• Data in this exercise
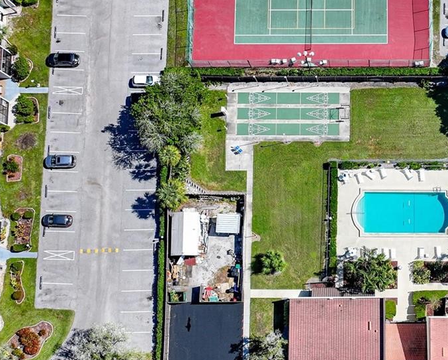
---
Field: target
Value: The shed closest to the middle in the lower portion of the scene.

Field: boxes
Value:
[215,213,240,233]
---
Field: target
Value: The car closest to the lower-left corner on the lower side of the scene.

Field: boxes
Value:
[39,213,72,228]
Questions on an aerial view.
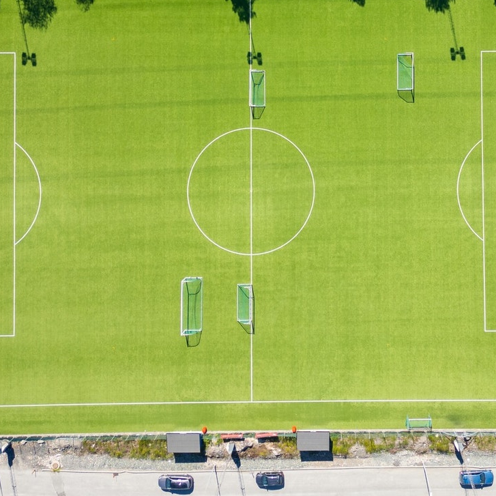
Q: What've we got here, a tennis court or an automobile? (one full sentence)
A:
Visible in the photo is an automobile.
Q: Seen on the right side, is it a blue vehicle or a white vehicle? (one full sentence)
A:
The feature located on the right side is a blue vehicle.
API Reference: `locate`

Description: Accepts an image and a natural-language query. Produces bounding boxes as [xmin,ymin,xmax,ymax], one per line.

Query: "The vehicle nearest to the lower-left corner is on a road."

[159,473,194,490]
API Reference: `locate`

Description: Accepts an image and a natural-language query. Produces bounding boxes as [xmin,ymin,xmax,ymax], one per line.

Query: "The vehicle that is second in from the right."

[256,471,286,487]
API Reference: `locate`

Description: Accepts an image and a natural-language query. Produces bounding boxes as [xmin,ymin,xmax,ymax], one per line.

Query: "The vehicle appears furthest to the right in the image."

[459,468,493,486]
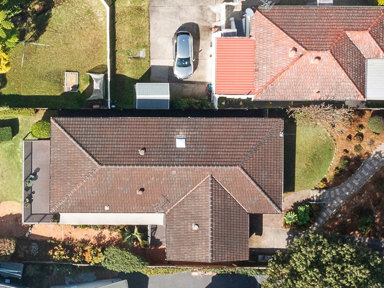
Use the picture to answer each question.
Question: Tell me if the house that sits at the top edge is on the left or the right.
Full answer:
The house that sits at the top edge is on the right side of the image.
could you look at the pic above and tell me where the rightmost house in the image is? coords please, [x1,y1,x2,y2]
[215,6,384,102]
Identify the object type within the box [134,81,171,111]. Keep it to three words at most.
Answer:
shed
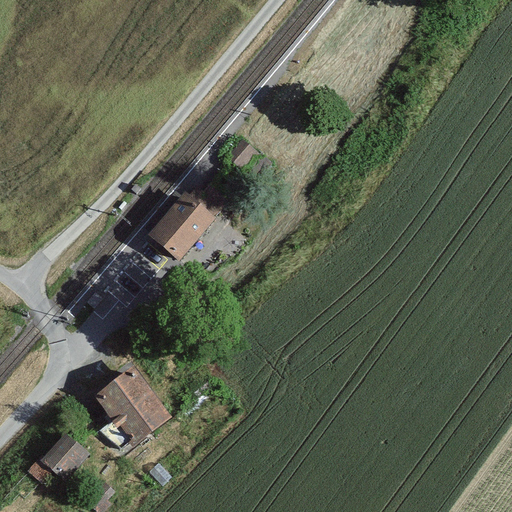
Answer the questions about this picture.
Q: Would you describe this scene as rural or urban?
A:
rural
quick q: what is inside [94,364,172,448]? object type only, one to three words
house
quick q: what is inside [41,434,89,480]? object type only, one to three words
barn
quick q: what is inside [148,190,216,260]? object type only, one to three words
house
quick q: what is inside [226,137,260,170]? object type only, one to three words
shed
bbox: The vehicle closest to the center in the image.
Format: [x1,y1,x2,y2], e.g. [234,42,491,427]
[143,247,164,265]
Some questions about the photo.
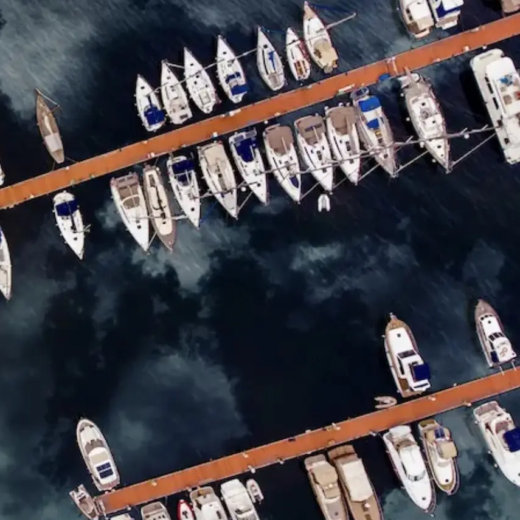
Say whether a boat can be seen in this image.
Yes
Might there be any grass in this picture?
No
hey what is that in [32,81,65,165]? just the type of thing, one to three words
boat
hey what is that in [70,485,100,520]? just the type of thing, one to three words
boat
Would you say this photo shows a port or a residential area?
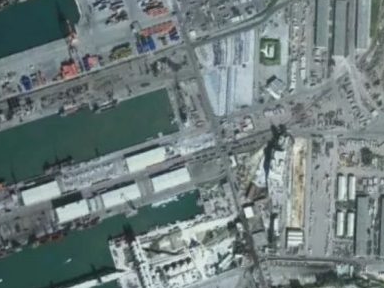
port
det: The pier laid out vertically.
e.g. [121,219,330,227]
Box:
[109,235,133,288]
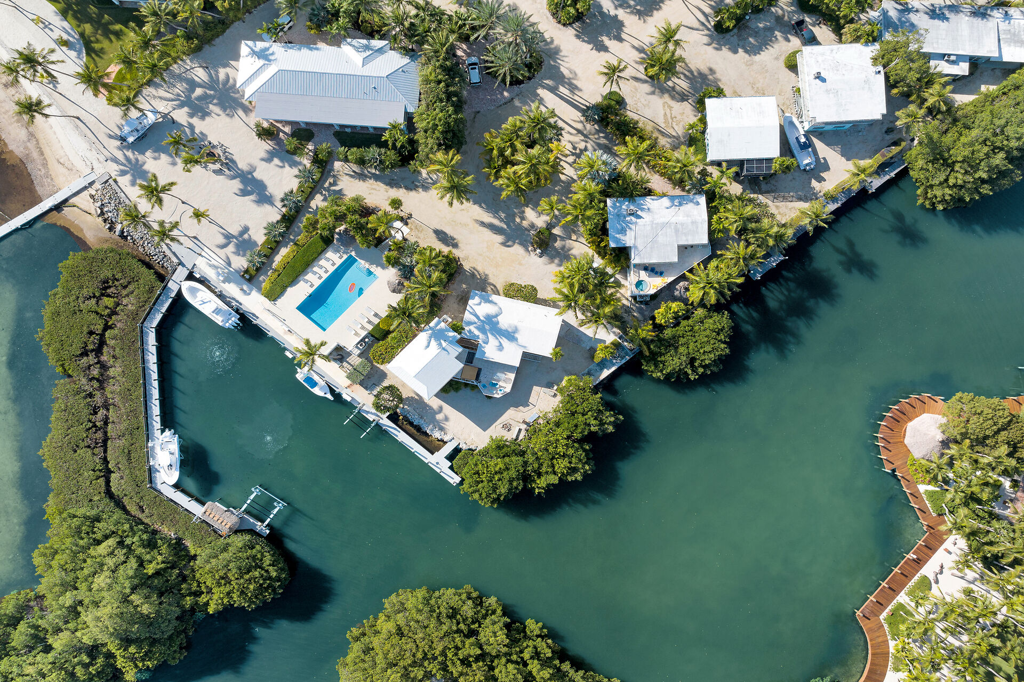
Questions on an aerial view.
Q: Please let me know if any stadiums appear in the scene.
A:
No
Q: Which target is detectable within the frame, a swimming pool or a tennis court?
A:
swimming pool
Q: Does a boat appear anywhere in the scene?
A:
Yes
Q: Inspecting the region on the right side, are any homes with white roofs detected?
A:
Yes
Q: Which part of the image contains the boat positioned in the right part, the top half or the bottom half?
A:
top
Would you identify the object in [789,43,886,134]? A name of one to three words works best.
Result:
house
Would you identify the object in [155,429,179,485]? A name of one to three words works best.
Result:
boat
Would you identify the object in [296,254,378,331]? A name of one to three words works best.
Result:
swimming pool
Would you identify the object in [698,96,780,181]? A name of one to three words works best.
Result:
house
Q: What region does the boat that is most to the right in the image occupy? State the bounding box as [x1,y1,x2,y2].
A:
[786,115,816,175]
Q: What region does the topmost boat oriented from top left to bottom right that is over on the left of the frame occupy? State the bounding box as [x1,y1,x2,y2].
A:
[182,284,245,332]
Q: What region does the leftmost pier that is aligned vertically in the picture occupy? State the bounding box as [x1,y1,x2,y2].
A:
[140,263,271,536]
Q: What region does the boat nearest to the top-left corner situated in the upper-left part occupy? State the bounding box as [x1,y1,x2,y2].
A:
[120,113,155,145]
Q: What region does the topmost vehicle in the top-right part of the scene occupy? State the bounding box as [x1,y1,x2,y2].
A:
[794,15,820,45]
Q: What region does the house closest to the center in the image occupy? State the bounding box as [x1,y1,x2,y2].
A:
[456,290,562,398]
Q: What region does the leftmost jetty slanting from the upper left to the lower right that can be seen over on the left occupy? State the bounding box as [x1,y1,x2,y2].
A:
[189,261,461,485]
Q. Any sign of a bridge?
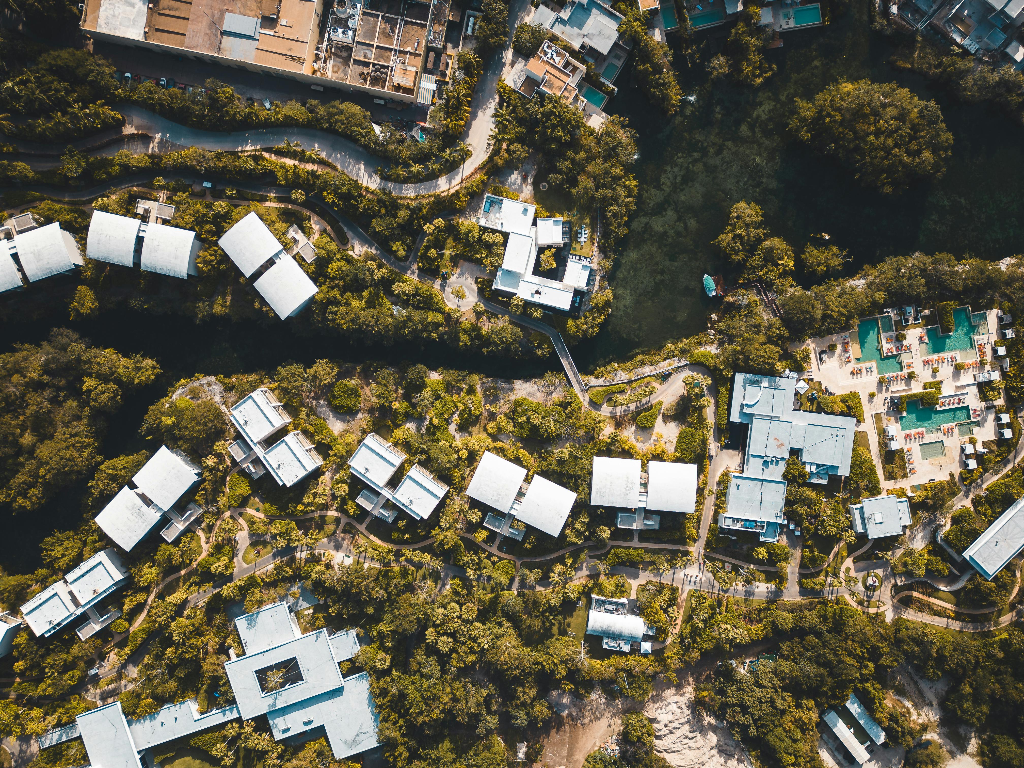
Yes
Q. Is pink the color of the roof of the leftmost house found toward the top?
No
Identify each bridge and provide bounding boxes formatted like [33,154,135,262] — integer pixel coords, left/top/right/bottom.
[550,334,586,392]
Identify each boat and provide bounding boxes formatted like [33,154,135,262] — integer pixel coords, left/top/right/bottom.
[702,276,716,299]
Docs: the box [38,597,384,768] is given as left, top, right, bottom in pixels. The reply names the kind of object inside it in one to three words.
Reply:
building
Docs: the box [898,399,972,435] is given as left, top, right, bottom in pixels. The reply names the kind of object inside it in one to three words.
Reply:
swimming pool
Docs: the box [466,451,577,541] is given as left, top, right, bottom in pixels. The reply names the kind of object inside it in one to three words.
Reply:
house
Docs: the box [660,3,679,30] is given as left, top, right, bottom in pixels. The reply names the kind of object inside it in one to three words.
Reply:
swimming pool
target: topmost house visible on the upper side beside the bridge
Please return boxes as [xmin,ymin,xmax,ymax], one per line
[479,194,598,313]
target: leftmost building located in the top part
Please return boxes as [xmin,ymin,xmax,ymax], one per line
[0,213,83,299]
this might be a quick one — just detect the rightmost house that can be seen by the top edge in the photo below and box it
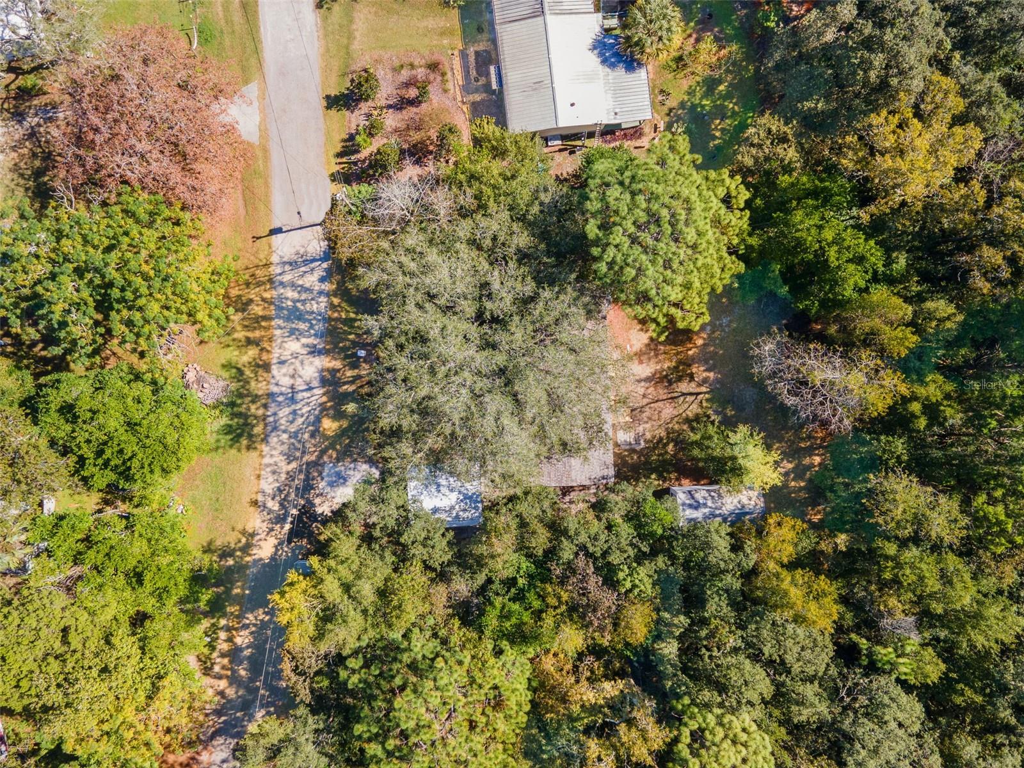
[488,0,650,138]
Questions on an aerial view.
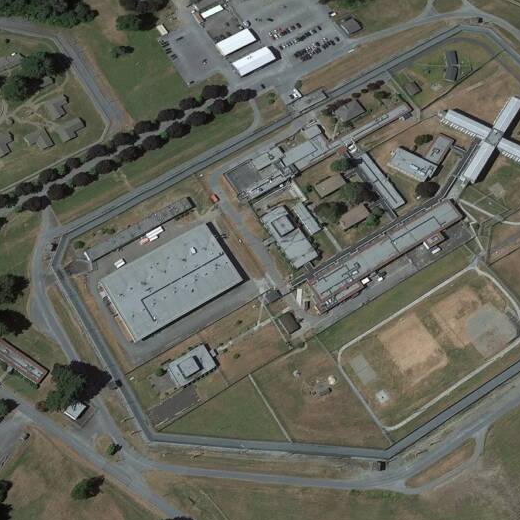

• What is expected
Quote every line of the records above exactly; no picture is to be copied.

• Result for this task
---
Field: target
Value: The shed closest to the middle in the lower portion of the scene.

Field: boxes
Value:
[215,213,240,233]
---
Field: target
Value: The car closest to the lower-left corner on the lower side of the scene.

Field: boxes
Value:
[39,213,72,228]
Questions on an aerial view.
Q: What've we got here, a tennis court or an automobile? (one full sentence)
A:
Visible in the photo is an automobile.
Q: Seen on the right side, is it a blue vehicle or a white vehicle? (one full sentence)
A:
The feature located on the right side is a blue vehicle.
API Reference: `locate`

Description: Accepts an image and a natural-language query. Produces bounding boxes as [xmin,ymin,xmax,ymax], one per line.

Query: "The vehicle nearest to the lower-left corner is on a road."

[159,473,194,490]
API Reference: `locate`

Description: Accepts an image and a natural-language query. Produces bounding boxes as [xmin,ymin,xmax,ymax], one per line.

Query: "The vehicle that is second in from the right."

[256,471,286,487]
API Reference: `locate`

Description: Accepts an image and a natural-language query. Produces bounding boxes as [xmin,ymin,xmax,ymax], one per line.

Query: "The vehicle appears furthest to the right in the image."

[459,468,493,486]
Use the picture to answer each question.
Question: Tell me if the house that sits at the top edge is on the left or the right.
Full answer:
The house that sits at the top edge is on the right side of the image.
could you look at the pic above and tell me where the rightmost house in the image is? coords please, [x1,y1,x2,y2]
[215,6,384,102]
Identify the object type within the box [134,81,171,111]. Keep it to three words at most.
Answer:
shed
Answer the questions about this picture.
Q: Would you describe this scene as rural or urban?
A:
rural
quick q: what is inside [94,364,172,448]? object type only, one to three words
house
quick q: what is inside [41,434,89,480]? object type only, one to three words
barn
quick q: what is inside [148,190,216,260]? object type only, one to three words
house
quick q: what is inside [226,137,260,170]? object type only, one to three words
shed
bbox: The vehicle closest to the center in the image.
Format: [x1,y1,x2,y2], e.g. [234,42,491,427]
[143,247,164,265]
Some questions about the photo.
Say whether a boat can be seen in this image.
Yes
Might there be any grass in this picture?
No
hey what is that in [32,81,65,165]? just the type of thing, one to three words
boat
hey what is that in [70,485,100,520]? just the type of thing, one to three words
boat
Would you say this photo shows a port or a residential area?
port
det: The pier laid out vertically.
e.g. [121,219,330,227]
Box:
[109,235,133,288]
Questions on an aerial view.
Q: Please let me know if any stadiums appear in the scene.
A:
No
Q: Which target is detectable within the frame, a swimming pool or a tennis court?
A:
swimming pool
Q: Does a boat appear anywhere in the scene?
A:
Yes
Q: Inspecting the region on the right side, are any homes with white roofs detected?
A:
Yes
Q: Which part of the image contains the boat positioned in the right part, the top half or the bottom half?
A:
top
Would you identify the object in [789,43,886,134]? A name of one to three words works best.
Result:
house
Would you identify the object in [155,429,179,485]? A name of one to three words works best.
Result:
boat
Would you identify the object in [296,254,378,331]? A name of one to three words works best.
Result:
swimming pool
Would you identify the object in [698,96,780,181]? A name of one to three words works best.
Result:
house
Q: What region does the boat that is most to the right in the image occupy? State the bounding box as [x1,y1,x2,y2].
A:
[786,115,816,175]
Q: What region does the topmost boat oriented from top left to bottom right that is over on the left of the frame occupy? State the bounding box as [x1,y1,x2,y2].
A:
[182,284,245,332]
Q: What region does the leftmost pier that is aligned vertically in the picture occupy? State the bounding box as [x1,y1,x2,y2].
A:
[140,263,271,536]
Q: What region does the boat nearest to the top-left corner situated in the upper-left part occupy? State the bounding box as [x1,y1,x2,y2].
A:
[120,113,155,145]
Q: What region does the topmost vehicle in the top-right part of the scene occupy? State the bounding box as [x1,y1,x2,y2].
A:
[794,15,820,45]
Q: What region does the house closest to the center in the image occupy? State the bounding box as [x1,y1,x2,y2].
A:
[456,290,562,398]
Q: What region does the leftmost jetty slanting from the upper left to the lower right that can be seen over on the left occupy? State the bounding box as [x1,y1,x2,y2].
A:
[189,261,461,485]
Q. Any sign of a bridge?
Yes
Q. Is pink the color of the roof of the leftmost house found toward the top?
No
Identify each bridge and provide bounding boxes formatted like [33,154,135,262] — integer pixel coords, left/top/right/bottom.
[550,334,586,392]
Identify each boat and provide bounding boxes formatted like [33,154,135,262] — integer pixel coords, left/top/right/bottom.
[702,276,716,299]
Docs: the box [38,597,384,768] is given as left, top, right, bottom in pixels. The reply names the kind of object inside it in one to three words.
Reply:
building
Docs: the box [898,399,972,435] is given as left, top, right, bottom in pixels. The reply names the kind of object inside it in one to three words.
Reply:
swimming pool
Docs: the box [466,451,577,541] is given as left, top, right, bottom in pixels. The reply names the kind of object inside it in one to three words.
Reply:
house
Docs: the box [660,3,679,30] is given as left, top, right, bottom in pixels. The reply names the kind of object inside it in one to three words.
Reply:
swimming pool
target: topmost house visible on the upper side beside the bridge
Please return boxes as [xmin,ymin,xmax,ymax], one per line
[479,194,598,313]
target: leftmost building located in the top part
Please return boxes as [xmin,ymin,xmax,ymax], one per line
[0,213,83,299]
this might be a quick one — just detect the rightmost house that can be seen by the top edge in the photo below and box it
[488,0,650,138]
Questions on an aerial view.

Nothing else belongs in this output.